Let’s think about this interesting question: how many times do you think the x module(that corresponds to the x.js file and is imported into the a, b and c modules) will be copied in all these 5 resulting files? Feel free to refer to the diagram. In order to find the answer to this question, you can copy the exported string from the x.js file and perform a global search in the StackBlitz app:

nr-times-x.png

So, we can conclude that the x.js’s content is duplicated 3 times, one time for each importing module that makes a separate async chunk(e.g. the a module which corresponds to the async-a chunk, b to async-b and c to async-c). Imagine now if the x.js file had hundreds of lines of code! All these lines would be copied in 3 different places - this seems like a waste of resources. It’s true that this fact won’t cause the x module to be executed multiple times by webpack, so in the end we will still end up having only one instance of x.js in our app.

However, recall what fetching a chunk implies - an HTTP request. Since x.js’s content is present in 3 chunks, if we first load, let’s say, the async-a chunk, then the entire code that’s in the async-a.js file will have to be downloaded from the network and then parsed. If the x.js file is considerably large, this loading process may take a significant amount of time to complete. Having to go through this lengthy process another 2 times doesn’t look like the best approach we can take, so there must be a better way.

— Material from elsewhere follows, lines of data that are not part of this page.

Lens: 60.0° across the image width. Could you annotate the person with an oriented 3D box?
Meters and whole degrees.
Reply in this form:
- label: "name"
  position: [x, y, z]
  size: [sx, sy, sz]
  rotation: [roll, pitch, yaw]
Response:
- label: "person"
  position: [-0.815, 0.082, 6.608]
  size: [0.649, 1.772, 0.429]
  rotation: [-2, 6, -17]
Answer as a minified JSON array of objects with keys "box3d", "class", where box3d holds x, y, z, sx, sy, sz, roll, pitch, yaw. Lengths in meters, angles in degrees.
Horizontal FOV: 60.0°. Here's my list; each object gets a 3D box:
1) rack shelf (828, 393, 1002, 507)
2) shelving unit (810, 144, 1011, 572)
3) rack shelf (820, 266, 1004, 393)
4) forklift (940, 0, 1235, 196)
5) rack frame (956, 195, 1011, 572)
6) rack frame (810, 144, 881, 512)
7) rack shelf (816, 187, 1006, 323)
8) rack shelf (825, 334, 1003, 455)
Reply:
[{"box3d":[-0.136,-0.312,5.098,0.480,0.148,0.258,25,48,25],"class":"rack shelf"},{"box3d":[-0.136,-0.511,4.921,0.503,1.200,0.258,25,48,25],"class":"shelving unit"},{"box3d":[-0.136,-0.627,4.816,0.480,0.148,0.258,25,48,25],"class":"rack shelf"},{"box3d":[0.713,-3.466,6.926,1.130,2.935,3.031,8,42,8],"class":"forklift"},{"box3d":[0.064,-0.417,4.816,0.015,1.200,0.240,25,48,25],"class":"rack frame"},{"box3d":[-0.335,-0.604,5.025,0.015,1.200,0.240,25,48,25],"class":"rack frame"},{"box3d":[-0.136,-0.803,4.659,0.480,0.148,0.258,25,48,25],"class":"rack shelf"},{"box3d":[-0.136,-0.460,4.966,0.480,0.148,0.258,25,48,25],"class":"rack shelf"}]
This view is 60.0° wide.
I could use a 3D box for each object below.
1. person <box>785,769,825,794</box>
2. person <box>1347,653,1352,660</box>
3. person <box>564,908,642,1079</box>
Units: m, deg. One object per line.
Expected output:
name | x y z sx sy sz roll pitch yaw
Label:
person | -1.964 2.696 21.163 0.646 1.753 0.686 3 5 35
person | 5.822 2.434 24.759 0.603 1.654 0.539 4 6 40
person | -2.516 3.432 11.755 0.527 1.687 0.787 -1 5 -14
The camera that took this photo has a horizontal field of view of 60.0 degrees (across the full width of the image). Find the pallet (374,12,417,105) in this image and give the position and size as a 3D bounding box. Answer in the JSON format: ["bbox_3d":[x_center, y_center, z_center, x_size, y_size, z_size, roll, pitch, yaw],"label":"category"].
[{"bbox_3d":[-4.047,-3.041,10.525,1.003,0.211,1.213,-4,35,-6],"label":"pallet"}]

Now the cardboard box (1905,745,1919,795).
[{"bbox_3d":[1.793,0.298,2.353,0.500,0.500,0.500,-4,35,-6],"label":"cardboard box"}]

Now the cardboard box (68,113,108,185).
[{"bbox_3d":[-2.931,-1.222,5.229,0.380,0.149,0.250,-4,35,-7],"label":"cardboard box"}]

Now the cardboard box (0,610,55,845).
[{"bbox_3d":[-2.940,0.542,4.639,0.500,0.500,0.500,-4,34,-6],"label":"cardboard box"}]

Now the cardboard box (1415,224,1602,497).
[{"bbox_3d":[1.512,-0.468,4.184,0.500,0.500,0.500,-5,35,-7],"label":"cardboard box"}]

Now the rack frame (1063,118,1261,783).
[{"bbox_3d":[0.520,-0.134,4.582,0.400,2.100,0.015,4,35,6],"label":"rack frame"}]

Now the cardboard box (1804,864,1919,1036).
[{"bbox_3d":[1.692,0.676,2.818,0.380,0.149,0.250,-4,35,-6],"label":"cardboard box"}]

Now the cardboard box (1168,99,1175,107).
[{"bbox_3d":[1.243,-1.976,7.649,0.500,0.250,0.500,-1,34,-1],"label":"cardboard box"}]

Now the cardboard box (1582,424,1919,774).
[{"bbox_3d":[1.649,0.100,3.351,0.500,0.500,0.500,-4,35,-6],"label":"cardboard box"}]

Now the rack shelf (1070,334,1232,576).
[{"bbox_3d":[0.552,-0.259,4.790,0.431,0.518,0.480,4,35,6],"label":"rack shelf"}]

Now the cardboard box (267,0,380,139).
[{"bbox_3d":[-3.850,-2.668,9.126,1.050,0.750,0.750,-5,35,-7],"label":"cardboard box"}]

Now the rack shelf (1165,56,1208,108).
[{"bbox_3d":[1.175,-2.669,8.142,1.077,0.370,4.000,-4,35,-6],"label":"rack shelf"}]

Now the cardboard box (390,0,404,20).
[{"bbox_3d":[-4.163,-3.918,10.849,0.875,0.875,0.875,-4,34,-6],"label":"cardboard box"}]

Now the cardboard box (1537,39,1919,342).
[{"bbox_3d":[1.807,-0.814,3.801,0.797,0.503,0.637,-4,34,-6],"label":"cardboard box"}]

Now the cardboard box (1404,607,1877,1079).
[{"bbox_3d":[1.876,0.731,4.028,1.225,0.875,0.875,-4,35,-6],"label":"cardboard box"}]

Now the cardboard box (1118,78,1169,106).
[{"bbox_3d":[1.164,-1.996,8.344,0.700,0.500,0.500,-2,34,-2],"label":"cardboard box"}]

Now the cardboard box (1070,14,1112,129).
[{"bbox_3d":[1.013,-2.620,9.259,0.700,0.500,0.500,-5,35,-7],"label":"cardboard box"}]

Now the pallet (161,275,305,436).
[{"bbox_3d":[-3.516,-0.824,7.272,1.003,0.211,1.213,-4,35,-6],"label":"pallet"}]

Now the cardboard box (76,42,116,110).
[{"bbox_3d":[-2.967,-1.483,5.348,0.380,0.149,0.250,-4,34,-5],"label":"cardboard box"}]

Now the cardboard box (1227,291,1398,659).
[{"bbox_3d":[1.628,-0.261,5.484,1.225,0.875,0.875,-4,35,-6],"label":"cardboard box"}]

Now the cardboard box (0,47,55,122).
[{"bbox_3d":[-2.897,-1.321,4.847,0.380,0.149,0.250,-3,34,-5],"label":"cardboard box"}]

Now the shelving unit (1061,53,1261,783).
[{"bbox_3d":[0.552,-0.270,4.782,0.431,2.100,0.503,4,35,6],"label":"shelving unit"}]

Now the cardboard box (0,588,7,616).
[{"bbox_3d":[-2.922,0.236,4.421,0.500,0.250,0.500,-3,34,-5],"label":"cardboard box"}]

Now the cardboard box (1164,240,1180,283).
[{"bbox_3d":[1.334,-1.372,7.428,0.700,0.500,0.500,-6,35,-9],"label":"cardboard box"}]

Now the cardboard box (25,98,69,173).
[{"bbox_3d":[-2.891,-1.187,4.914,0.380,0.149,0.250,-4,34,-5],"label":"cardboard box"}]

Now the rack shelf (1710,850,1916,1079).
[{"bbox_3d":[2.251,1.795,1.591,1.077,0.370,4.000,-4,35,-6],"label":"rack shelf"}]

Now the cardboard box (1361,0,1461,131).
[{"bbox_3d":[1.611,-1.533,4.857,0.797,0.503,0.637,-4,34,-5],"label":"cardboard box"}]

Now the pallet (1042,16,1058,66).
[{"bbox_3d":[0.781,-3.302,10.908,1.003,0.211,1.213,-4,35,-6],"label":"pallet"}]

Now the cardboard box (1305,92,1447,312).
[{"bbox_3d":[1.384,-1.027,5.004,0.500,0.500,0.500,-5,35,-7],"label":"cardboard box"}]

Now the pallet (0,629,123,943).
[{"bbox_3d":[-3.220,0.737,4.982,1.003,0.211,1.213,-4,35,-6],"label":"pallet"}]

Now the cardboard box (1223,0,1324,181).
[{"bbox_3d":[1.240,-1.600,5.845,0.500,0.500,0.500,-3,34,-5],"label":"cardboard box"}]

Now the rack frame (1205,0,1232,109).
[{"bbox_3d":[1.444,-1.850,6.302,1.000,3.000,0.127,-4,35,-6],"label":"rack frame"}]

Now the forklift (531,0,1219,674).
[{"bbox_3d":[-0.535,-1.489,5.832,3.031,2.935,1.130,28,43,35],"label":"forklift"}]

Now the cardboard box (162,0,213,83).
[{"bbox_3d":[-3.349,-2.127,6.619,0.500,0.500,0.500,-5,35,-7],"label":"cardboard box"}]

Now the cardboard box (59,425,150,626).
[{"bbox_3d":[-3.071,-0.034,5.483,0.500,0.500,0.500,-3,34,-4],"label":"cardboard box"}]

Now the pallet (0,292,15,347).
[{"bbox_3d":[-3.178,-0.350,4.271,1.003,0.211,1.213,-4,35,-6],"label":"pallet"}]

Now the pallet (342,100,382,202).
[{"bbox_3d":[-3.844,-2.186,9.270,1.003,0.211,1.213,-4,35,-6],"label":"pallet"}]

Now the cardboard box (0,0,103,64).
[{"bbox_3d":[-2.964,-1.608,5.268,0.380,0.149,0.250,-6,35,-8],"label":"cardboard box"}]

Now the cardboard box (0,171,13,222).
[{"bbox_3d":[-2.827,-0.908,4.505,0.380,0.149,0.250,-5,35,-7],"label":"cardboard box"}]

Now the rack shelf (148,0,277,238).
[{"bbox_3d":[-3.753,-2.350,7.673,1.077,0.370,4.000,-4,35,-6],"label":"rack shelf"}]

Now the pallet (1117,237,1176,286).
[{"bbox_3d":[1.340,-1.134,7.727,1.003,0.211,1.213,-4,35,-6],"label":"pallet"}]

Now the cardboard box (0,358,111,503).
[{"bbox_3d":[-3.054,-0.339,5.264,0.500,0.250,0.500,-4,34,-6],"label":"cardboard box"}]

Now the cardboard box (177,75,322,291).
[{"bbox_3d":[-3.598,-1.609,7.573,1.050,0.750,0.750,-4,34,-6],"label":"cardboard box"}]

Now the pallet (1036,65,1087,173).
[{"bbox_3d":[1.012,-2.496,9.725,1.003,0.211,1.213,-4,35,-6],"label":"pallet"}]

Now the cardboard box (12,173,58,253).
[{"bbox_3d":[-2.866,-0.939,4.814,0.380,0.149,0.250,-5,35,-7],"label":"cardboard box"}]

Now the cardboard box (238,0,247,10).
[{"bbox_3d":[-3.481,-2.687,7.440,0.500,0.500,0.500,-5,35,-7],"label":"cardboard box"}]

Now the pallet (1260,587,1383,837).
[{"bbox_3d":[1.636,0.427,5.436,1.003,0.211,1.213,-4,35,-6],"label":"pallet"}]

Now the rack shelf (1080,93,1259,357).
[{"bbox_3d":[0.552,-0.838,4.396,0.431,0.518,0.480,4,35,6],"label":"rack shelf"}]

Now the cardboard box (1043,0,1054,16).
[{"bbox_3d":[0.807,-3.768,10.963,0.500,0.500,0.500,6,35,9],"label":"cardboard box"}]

Here’s a way to visualise this problem with the help of a diagram:

x-copied-red (1).png

A link for the above diagram can be found here.

This diagram is not very different from the first one, since it only highlights the x module in red. This simply indicates that there is something wrong with this module and it will also help us identify what SplitChunksPlugin does in order to solve this problem. This is what the next section is about.

As you might have noticed, it is true that modules such as f, d, y are in the same situation as x, but we are only focusing on x now, for simplicity’s sake.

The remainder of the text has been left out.